Holy Rosary College, Mountbellew, has been crowned 2023 Certified Irish Angus School Competition winners.
The four winning students - Peter O’Neill, Amy Higgins, Oisín Colleran and Cormac Delaney - secured the win after impressing the judges with their approach to the cattle-rearing competition, now celebrating its ninth year.
The awards ceremony took place in Croke Park on Friday 31 March.
The winning group from Co Galway undertook a research project focused on 'Improving quality of beef for consumers'.
They conducted a survey, which gave the students an in-depth knowledge of the beef-purchasing habits of the consumer.
The students discovered what consumers prioritise when they buy Certified Irish Angus beef and their research covered an impressive range of topics from animal husbandry to grassland management.
To engage their classmates, the group shared their findings and invited guest speakers, including local dairy farmer Henry Walsh and member of the Galway Grasslands Association Keith Fahy to their agricultural science class.
The students successfully communicated the benefits of good farming practices with their classmates and local community
General manager of Certified Irish Angus Charles Smith said: “Holy Rosary College are very deserving winners of this year's competition.

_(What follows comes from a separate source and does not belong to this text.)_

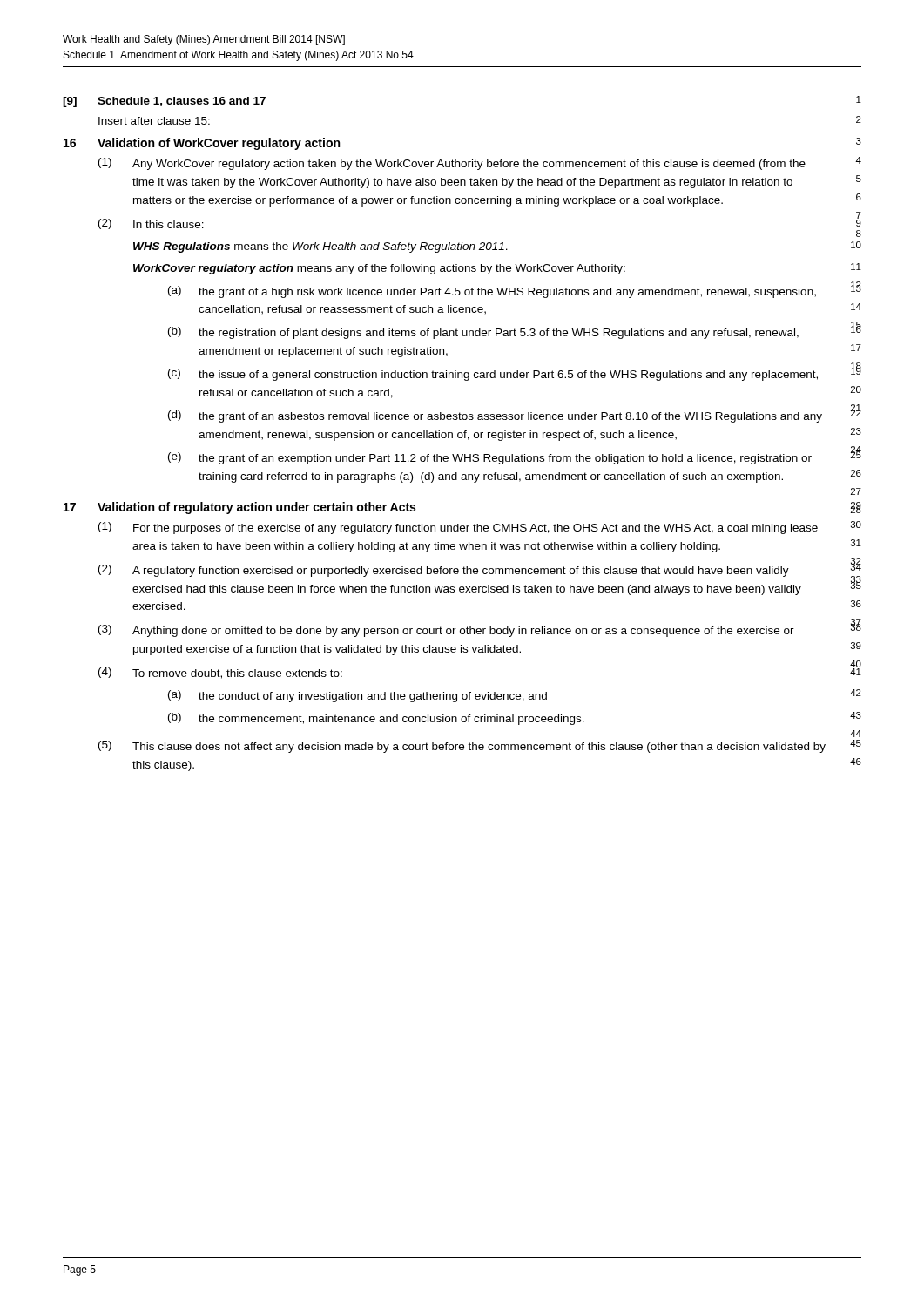Locate the section header that says "16 Validation of WorkCover"

(202, 144)

"Driven by their deep-rooted interest of agriculture and food production, the students successfully communicated the benefits of good farming practices with their classmates and local community."
The Certified Irish Angus Schools Competition, in association with ABP and Kepak, challenges students to rear five Irish Angus calves for beef production.
It aims to promote the Certified Irish Angus brand, while communicating the care and attention required to produce quality beef for consumers.
The number of students applying continues to grow each year, with nearly 600 students from rural and urban backgrounds applying from 23 counties in 2022.
The runners up in the 2023 competition were Mya Gray McCluskey, Niamh Dunne and Ella Gannon from St Louis High School in Rathmines, Dublin.
The city dwellers investigated the theme of 'Reassuring consumers on animal welfare' and created an educational initiative called 'Flats to farms' to show their classmates and family the dedication behind the agri-food industry and the realities of Irish agriculture.
Ryan Reilly from Ardscoil Phádraig in Granard was awarded an outstanding achievement award, recognising his contribution to the competition.
The judges said: “Ryan’s understanding of the science and technology of modern-day farming is very impressive.”
Each of the finalists receives the financial benefit involved in the selling of the animals to the processors on completion of the project, which amounted to an average €7,500.
The winning students also receive an additional grant of €2,000 for their further education.